(Records contained in a dataset)

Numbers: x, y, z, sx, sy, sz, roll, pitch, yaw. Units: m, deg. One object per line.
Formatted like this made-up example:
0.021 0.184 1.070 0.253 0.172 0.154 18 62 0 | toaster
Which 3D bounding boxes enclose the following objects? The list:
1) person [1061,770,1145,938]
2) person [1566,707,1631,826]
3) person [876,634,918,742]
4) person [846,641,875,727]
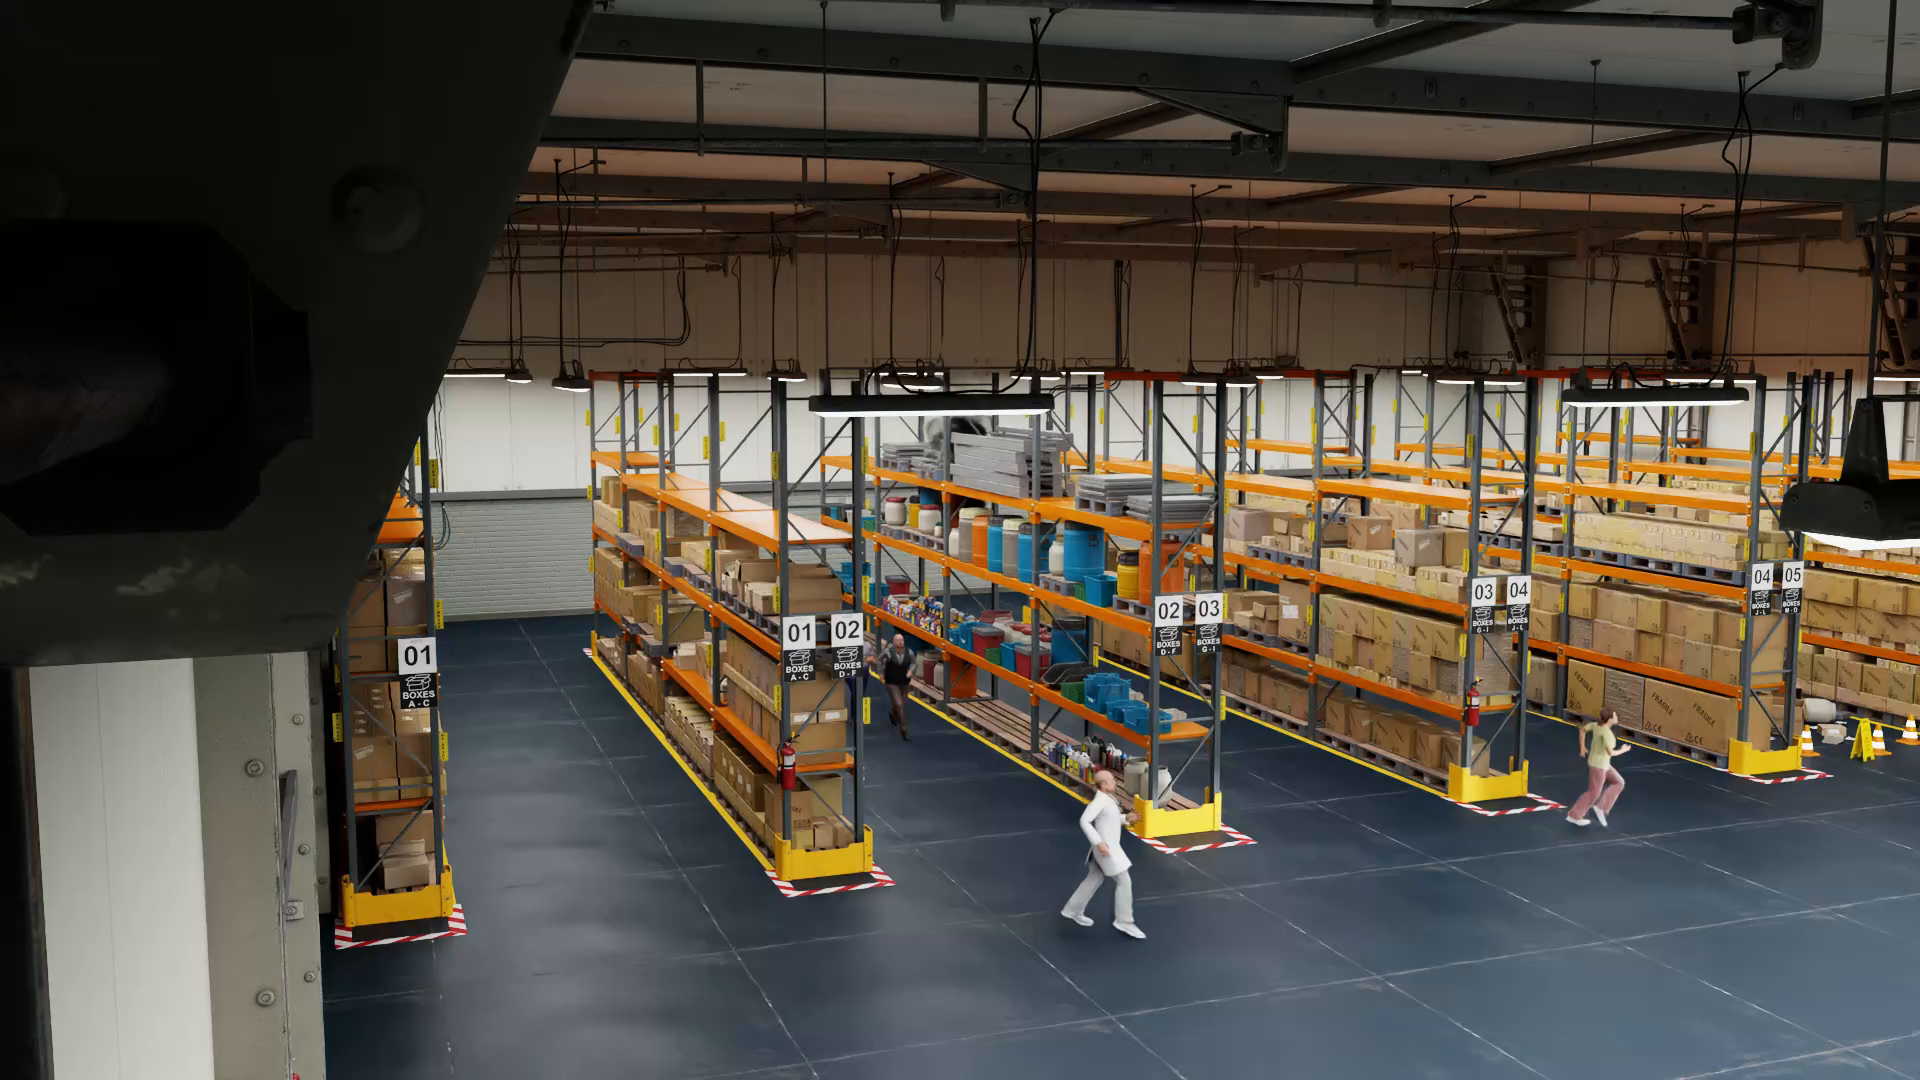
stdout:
1.567 3.461 18.149 0.900 1.745 0.681 0 6 0 | person
8.523 3.023 22.179 0.765 1.629 0.607 1 6 8 | person
-1.033 2.399 27.632 0.678 1.722 1.010 -2 7 -20 | person
-1.762 2.381 28.534 0.576 1.636 0.745 -3 7 -28 | person

Problem:
The answer must consist solely of the lines from the first line of the data to the line holding "4) person [846,641,875,727]", each given again exactly.

Output for this task:
Numbers: x, y, z, sx, sy, sz, roll, pitch, yaw. Units: m, deg. One object per line.
Formatted like this made-up example:
0.021 0.184 1.070 0.253 0.172 0.154 18 62 0 | toaster
Which 3D bounding boxes enclose the following objects? The list:
1) person [1061,770,1145,938]
2) person [1566,707,1631,826]
3) person [876,634,918,742]
4) person [846,641,875,727]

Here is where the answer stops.